Woman Falls in Face Of Record Company Forces
by
on October 05, 2007,
The morals involved with file sharing on the Web can most certainly conflict with one another. On the one hand we see consumers fighting for some measure of what majority of the population considers justice. On the other, there exists (in some instances) the significant exploitation of the concept of “free", which certainly does need addressing.
Unfortunately, at a time when the waters are still very, very murky, there are a select few bearing the brunt of digital copyright owners’ wrath; some of which manage to elude conviction, some of which do not.
A resident of the state of Minnesota is one such terribly unlucky soul, who yesterday was told to pay $222,000 in damages to a coterie of record companies, pinned by a jury as guilty of illegally transferring copyrighted content to others on a peer-to-peer network.
The network in profile is Kazaa, now considered (and rightfully so) an antiquated system through which digital files of many types were once sent to and fro across the Internet in great quantities, during a time in which broadband in the US was a luxury mostly unavailable to the average citizen - apart from those at universities and big businesses and government institutions. Such file transfers were gauged by the kilobit, rather than the megabit, as is regularly done today. Ms Jammie Thomas, the defendant in the case decided Wednesday, was apparently still somewhat stuck in the past, as it were, and thus quite easily traced by anti-piracy forces.
Now, there’s a part of me that faults Ms Thomas for recklessly using the very transparent Kazaa to do her digital sharing (that is, if she really did distribute said files). A very ignorant use of technology, no doubt.
But the record industry should be brought to account for the wrongs it has committed as well.

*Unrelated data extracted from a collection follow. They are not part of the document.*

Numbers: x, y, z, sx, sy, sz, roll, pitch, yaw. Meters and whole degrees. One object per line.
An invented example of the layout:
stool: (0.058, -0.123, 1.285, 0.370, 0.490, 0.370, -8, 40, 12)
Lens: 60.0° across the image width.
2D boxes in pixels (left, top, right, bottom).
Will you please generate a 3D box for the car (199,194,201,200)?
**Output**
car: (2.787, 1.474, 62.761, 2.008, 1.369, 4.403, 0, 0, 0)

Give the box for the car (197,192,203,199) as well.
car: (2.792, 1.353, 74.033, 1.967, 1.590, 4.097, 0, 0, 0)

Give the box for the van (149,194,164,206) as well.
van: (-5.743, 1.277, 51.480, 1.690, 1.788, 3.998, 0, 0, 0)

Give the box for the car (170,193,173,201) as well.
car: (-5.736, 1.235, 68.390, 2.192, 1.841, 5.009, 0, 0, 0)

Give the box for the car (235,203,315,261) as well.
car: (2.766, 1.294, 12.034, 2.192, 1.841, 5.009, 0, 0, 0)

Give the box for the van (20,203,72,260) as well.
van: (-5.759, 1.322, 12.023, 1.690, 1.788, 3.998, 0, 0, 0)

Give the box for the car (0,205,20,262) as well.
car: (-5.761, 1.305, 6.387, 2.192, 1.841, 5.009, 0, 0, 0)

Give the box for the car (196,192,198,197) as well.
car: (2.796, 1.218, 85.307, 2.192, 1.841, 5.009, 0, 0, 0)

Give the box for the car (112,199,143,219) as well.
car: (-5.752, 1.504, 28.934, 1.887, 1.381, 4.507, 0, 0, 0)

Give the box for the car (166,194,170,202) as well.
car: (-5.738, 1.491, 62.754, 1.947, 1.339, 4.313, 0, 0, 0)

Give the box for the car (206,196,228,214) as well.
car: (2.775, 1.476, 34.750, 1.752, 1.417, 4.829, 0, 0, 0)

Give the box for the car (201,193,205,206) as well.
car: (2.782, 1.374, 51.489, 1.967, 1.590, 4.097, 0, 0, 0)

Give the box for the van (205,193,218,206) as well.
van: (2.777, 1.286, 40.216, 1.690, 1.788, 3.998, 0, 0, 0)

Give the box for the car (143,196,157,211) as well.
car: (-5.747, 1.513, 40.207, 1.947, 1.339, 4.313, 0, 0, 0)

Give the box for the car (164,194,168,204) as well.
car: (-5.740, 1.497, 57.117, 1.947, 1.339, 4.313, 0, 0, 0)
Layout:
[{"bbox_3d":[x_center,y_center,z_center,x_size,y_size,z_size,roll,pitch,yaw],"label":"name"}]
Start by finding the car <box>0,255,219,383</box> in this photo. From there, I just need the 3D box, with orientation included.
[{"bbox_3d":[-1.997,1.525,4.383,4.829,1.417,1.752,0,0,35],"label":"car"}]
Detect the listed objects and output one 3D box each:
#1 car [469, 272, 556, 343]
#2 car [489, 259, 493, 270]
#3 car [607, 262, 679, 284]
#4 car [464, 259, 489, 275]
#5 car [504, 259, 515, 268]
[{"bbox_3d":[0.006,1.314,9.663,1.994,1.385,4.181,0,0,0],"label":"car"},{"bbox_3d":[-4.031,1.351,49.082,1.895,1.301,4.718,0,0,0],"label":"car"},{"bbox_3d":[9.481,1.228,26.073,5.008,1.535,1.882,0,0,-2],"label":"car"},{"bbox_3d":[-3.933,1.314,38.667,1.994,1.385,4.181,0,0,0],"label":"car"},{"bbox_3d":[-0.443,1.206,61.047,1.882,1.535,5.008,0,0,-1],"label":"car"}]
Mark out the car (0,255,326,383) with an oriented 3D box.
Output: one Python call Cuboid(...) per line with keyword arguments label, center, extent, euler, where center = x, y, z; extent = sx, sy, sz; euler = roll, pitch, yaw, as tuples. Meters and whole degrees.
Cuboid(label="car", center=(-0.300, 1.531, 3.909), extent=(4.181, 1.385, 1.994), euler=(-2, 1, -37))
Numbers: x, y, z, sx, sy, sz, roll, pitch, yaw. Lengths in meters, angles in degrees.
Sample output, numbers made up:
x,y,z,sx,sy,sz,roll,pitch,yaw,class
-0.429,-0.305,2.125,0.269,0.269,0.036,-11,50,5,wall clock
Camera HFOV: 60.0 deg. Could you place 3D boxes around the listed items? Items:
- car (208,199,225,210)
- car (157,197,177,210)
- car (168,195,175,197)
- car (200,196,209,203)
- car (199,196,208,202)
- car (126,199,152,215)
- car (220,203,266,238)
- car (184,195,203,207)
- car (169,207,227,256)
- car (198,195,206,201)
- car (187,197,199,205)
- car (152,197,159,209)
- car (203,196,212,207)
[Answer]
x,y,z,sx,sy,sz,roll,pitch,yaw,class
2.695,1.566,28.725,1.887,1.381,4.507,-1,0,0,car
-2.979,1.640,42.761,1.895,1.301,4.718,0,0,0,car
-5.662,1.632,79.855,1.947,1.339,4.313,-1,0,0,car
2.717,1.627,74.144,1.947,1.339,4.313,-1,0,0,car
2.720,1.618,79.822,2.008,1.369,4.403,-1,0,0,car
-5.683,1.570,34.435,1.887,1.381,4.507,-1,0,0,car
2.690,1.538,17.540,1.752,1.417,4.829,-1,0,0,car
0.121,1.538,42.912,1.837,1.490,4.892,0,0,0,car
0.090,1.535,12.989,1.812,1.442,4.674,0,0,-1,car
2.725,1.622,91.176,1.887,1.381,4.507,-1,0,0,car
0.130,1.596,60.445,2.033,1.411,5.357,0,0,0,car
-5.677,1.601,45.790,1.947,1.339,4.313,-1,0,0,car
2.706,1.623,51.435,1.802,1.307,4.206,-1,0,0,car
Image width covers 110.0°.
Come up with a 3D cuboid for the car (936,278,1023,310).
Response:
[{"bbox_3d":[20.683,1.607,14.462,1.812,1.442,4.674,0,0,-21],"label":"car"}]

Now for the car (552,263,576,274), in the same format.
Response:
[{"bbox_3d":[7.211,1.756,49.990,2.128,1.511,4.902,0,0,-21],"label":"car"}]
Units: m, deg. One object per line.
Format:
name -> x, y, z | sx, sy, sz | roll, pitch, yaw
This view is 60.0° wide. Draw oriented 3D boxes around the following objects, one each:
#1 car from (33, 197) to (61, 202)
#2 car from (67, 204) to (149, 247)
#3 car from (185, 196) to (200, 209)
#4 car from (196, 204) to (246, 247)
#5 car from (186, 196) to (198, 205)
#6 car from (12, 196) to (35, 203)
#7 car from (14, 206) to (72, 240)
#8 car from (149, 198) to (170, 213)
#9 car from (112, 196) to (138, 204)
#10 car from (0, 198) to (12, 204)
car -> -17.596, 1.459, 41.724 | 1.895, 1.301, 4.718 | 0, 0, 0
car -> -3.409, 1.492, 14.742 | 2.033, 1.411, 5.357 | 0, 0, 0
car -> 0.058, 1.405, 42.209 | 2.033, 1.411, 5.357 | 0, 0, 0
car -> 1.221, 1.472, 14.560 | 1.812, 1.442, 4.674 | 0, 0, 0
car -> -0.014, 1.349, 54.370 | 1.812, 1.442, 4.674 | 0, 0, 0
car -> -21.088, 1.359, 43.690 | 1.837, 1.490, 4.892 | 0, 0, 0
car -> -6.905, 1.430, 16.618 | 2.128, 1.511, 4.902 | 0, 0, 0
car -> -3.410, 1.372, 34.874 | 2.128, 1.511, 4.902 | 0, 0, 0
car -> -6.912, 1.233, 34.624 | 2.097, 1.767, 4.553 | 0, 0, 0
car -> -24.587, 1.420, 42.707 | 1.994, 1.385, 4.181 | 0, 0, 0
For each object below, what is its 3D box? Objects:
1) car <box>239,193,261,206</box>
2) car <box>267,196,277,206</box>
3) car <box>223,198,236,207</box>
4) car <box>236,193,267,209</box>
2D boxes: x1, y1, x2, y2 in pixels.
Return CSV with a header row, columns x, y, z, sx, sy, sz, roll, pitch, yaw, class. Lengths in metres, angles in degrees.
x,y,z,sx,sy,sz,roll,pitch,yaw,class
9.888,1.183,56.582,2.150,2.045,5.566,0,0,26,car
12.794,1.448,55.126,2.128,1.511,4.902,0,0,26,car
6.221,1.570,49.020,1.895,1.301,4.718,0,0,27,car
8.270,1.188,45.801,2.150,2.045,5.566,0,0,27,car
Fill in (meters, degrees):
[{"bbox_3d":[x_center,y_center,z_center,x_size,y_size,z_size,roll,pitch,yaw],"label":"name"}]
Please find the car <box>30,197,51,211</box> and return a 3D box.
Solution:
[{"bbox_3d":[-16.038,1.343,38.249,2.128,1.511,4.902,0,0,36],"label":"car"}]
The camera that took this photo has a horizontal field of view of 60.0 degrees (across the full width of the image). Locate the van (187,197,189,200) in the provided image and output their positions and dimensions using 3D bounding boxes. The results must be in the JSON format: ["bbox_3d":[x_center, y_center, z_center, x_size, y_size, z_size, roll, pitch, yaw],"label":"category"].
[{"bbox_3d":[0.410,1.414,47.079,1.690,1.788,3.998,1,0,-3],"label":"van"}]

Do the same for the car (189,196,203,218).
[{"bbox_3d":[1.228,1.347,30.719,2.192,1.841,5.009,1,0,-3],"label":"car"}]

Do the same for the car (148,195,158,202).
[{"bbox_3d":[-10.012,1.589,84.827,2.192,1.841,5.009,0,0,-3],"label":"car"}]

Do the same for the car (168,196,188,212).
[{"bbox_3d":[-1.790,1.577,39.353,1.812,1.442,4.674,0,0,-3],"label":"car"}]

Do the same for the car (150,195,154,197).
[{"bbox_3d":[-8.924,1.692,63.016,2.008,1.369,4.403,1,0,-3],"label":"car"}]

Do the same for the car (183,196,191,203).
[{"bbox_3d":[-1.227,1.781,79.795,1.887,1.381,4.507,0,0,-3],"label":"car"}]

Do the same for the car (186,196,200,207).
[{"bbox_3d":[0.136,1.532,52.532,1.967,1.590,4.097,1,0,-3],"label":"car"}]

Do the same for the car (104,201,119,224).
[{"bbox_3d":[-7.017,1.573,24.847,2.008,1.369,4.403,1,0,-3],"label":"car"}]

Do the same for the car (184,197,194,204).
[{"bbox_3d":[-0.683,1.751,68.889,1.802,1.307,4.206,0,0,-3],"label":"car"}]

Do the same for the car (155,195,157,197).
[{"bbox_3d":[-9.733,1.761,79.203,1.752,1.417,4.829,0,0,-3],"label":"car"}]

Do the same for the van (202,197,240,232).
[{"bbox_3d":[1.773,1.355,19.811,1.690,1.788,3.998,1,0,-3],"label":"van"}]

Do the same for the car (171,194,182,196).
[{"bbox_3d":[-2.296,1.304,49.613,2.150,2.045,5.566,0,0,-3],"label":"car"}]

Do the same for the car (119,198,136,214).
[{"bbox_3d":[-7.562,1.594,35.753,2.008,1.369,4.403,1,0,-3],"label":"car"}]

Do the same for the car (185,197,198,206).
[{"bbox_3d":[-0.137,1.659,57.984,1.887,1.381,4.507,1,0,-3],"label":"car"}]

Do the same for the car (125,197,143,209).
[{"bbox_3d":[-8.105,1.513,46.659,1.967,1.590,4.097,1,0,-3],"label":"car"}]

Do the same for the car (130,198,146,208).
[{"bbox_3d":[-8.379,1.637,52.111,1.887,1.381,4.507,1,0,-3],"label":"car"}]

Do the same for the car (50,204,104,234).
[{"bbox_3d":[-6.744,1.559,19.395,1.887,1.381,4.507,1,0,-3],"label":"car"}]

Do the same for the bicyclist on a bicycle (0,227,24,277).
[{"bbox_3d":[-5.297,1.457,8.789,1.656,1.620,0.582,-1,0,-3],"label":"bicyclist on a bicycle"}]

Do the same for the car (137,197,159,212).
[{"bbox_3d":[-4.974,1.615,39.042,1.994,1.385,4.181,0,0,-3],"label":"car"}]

The industry as a whole has brought the proverbial hammer down on most anyone it can round up, be it the grandmother who’s nephew(s) or niece(s) may or may not have used her internet connection for allegedly illicit transfers or a teenager with no knowledge or understanding of copyright clauses. In fact, the general population hardly has a clue of copyright law whatsoever. Such variables do need to be taken into account.
First, however, copyright law needs a major overhaul.
Seriously. Is copyright law not due for an examination in the era of digital media downloads? It could certainly use a good few well-placed edits, no?
The fact that the record industry has the seemingly uninhibited power to arrange for online services to adhere to unique rules for the distribution and allowed use of downloads by consumers (i.e., iTunes users get to share with up to five unique computers/users, while Microsoft is told to limit the playback of music shared between its Zune music players), is alone a very troubling development for the public to witness. If copyright restrictions are to be placed on digital downloads (mind you, not in the form of DRM, which is a despicable invention, but through simple stipulations on paper), should they not in the very least have some measure of uniformity?
Truth be told, copyright law requires a major overhaul. And it’s not the consumer who is at fault for the decline of the music business. It’s the content owner that stands knee deep in error. The industry would find itself on a continued growth trend rather than one headed downhill this very moment if it had addressed consumer demands and welcomed change many years ago rather than press for increased restrictions and fight the tide every which way it knew how.
Some in the industry are finally coming around to accept to the correct way to migrate to digital-only (however cautiously) but it’s simply too late. The damage is done. The consumer understands better than ever the ways in which the record companies conduct themselves, and, well, they don’t like it one bit. So they’ve revolted. And we all know full well which side’s coming out the winner.
Ms Jammie Thomas is, for lack of a better word, a casualty in this ongoing battle, as are a good number of the 26,000 already slapped with legal papers, whether she realized it or not. There’ll likely be more to undergo the same experience as she. But after all is said and done, the defiant music industry will show to be a deeply ailing one. One that will need the consumer to see to it that it survives.
It’s just too bad that we’ve been forced to do this the hard way.